我的算法不起作用。代码似乎很有意义,但我只是不相信结果。我觉得质心应该更多地在数据中,有点像中心,但无论我设置算法多少次迭代,它们都不会这样做。有人可以运行我的代码并给我一些指示吗?我已经标记了代码,以便您可以理解它。一些要点:

  • k = 2; 2个质心
  • centroid1 = 深红色,因此该集群中的数据点为浅红色
  • 质心 2 = 深绿色,因此该集群中的数据点为浅绿色
  • 狗是“大”还是“小”取决于它们的身高和体重
  • 欧几里得距离用于决定属于哪个簇
  • 存储在标有“x”的字典中的原始/主要数据;根据它们与质心的距离,它们被移动到字典“cluster1”和“cluster2”中

代码:

from matplotlib import pyplot as plt
import random, math

plt.title("Big Dogs and Small Dogs")
plt.ylabel("Height (cm)")
plt.xlabel("Weight (kg)")

def euclideandis(x, y, a, b):   # Formula for euclidean distance
    return math.sqrt((x-a)**2 + (x-a)**2)

x = {4.4:31,
     3.2:19,
     4.6:32,        # Data- key = weight, value = height
     4:25,
     4.1:29,
     2.90:17,
     2.9:11}

centroid1 = [[random.uniform(min(x.keys()), max(x.keys())), random.uniform(max(x.values()), min(x.values()))]]   # create random centroids that are between the datapoints
centroid2 = [[random.uniform(min(x.keys()), max(x.keys())), random.uniform(max(x.values()), min(x.values()))]]

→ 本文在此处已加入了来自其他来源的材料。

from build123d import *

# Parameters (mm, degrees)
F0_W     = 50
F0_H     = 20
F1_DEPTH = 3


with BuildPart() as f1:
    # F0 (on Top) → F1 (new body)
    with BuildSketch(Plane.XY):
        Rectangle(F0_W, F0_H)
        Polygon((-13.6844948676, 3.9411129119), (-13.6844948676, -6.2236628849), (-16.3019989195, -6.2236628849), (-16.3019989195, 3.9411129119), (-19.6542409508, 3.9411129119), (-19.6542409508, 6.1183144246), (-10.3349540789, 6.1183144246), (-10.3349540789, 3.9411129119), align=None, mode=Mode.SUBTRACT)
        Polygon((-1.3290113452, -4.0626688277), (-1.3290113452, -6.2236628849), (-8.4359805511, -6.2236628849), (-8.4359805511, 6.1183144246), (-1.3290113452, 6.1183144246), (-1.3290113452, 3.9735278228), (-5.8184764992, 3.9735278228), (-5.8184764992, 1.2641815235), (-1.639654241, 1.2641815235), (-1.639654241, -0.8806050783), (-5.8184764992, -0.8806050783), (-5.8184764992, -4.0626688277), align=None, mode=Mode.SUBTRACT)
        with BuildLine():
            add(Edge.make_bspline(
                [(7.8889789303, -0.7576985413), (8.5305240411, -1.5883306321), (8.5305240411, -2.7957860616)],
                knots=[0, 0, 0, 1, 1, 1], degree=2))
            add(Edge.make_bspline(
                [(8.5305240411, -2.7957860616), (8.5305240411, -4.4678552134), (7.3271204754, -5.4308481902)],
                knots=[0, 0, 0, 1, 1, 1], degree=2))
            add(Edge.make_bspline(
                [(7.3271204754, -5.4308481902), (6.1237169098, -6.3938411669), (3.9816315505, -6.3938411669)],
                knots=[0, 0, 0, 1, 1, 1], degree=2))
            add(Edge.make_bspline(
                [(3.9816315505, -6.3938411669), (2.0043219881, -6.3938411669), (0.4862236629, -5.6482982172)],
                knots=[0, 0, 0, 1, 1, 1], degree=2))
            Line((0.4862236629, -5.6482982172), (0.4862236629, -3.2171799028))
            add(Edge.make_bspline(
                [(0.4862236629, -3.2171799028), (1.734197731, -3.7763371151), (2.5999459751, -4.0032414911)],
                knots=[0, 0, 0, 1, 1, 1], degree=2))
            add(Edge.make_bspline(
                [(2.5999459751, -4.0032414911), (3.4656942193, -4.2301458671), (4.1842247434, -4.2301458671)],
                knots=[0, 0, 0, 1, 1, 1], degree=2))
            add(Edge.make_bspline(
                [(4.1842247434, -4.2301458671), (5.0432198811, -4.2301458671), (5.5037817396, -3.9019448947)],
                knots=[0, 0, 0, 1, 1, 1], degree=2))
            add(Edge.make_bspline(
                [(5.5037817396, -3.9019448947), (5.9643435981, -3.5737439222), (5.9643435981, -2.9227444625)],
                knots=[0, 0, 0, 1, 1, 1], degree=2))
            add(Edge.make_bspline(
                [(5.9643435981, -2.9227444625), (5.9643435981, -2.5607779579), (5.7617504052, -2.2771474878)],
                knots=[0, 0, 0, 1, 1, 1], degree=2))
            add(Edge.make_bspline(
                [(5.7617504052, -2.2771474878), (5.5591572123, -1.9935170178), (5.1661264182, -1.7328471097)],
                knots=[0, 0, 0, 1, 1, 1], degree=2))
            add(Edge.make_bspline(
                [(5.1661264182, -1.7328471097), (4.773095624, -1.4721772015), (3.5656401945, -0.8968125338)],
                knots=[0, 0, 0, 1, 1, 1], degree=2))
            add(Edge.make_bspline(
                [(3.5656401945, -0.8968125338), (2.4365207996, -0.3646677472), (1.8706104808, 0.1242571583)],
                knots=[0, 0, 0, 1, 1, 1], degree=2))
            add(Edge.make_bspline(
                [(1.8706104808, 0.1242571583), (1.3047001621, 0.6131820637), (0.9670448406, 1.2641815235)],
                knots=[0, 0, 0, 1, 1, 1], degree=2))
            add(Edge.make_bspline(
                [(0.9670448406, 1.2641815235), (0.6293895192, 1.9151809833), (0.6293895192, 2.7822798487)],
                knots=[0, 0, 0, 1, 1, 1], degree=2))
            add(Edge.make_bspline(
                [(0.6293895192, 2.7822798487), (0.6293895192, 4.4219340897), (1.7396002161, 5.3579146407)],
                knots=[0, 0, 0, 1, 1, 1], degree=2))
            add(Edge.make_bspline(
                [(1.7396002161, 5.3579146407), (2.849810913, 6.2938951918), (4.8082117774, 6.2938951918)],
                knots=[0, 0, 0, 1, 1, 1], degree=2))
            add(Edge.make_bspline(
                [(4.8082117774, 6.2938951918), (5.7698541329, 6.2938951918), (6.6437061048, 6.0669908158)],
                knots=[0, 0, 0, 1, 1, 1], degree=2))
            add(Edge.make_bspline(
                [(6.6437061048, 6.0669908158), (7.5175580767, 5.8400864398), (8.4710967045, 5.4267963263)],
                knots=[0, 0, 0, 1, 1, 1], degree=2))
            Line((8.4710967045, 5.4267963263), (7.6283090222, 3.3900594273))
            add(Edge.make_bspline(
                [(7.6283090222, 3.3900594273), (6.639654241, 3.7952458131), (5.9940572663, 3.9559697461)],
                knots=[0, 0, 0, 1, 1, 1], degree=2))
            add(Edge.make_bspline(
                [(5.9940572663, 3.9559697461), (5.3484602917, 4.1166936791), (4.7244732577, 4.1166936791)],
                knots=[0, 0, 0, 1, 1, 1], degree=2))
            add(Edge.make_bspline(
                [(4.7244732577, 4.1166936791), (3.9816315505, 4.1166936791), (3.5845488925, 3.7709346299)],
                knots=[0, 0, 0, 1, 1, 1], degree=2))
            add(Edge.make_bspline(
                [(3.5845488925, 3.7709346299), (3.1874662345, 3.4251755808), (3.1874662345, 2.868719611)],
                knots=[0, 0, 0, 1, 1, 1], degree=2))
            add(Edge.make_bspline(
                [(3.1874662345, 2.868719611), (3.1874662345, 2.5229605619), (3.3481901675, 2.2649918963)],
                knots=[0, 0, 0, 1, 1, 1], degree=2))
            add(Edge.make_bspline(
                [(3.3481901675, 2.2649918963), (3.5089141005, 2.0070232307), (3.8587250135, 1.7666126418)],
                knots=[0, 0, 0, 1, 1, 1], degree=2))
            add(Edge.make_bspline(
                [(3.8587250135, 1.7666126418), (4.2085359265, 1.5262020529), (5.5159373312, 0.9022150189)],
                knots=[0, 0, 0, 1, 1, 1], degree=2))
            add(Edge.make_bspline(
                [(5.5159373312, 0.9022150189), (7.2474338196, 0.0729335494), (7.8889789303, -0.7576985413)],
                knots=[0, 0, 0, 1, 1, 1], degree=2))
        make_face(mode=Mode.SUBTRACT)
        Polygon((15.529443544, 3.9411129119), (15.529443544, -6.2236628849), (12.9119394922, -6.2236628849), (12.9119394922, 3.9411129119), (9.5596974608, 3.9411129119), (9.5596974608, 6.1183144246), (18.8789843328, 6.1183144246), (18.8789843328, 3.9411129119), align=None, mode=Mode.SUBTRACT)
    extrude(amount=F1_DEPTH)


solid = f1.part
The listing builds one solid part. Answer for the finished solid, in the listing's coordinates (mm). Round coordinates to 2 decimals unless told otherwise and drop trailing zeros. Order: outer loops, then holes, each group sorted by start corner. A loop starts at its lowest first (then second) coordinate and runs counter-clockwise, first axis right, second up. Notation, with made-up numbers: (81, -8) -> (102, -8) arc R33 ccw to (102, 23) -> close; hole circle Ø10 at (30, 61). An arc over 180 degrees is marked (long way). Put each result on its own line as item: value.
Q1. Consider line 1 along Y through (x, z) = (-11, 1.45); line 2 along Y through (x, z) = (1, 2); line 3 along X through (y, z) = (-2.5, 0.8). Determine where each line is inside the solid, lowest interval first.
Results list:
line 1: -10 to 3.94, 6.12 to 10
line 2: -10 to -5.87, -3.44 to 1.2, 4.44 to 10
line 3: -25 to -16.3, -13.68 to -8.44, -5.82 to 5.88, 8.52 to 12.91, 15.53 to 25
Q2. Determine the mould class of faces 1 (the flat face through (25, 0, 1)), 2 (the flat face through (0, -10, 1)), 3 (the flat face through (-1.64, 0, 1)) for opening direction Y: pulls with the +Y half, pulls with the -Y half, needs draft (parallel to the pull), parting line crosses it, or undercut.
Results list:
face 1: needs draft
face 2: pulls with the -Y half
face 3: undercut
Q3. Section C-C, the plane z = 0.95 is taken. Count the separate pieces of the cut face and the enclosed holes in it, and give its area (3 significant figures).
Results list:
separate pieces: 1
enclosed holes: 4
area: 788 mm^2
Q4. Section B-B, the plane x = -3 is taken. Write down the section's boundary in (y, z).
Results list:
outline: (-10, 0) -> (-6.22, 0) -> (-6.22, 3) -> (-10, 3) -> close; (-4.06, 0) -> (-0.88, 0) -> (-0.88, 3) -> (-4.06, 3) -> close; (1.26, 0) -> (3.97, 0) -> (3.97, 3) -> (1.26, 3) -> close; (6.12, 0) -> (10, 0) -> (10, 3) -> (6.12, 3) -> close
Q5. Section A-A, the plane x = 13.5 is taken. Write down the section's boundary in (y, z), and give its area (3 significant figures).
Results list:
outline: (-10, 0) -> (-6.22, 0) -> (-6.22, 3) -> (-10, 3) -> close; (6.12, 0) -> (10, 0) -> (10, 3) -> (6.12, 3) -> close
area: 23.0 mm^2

for j in xrange(1):   # keep updating colours, position of centroids
    cluster1 = {}       # Everything in cluster 1 is closest to the dark red spot, therefore gets included in this dict, and gets scattered in light red
    cluster2 = {}       # Everything in cluster 2 is closest to the dark green spot, therefore gets included in this dict, and gets scattered in light green
    for key in x:
        temp1 = 0       # works out euclidean distance for all data points in x, then compares them
        temp2 = 0
        temp1 = euclideandis(key, x[key], centroid1[0][0], centroid1[0][1]) # Dis betw data point, red centroid
        temp2 = euclideandis(key, x[key], centroid2[0][0], centroid2[0][1]) # Dis betw data point, green centroid
        if temp1 < temp2:
            cluster1[key] = x[key]      # if the euclidean distance between datapoint and red spot,
                                        # smaller than the euclidean distance between datapoint and green spot,
                                        # add the point to the red cluster, else add to green cluster
        else:
            cluster2[key] = x[key]

    centroid1 = [[0, 0]]        # Centroids reset as they will be changed  
    centroid2 = [[0, 0]]

    iterable = 0
    for key in cluster1:        # works out mean coordinates of each cluster and changes the centroids coordinates to this
        iterable = iterable + key
    centroid1[0][0] = iterable/len(cluster1)
    iterable = 0
    for key in cluster1:
        iterable = iterable + cluster1[key]
    centroid1[0][1] = iterable/len(cluster1)
    iterable = 0
    for key in cluster2:
        iterable = iterable + key
    centroid2[0][0] = iterable/len(cluster2)
    iterable = 0
    for key in cluster2:
        iterable = iterable + cluster2[key]
    centroid2[0][1] = iterable/len(cluster2)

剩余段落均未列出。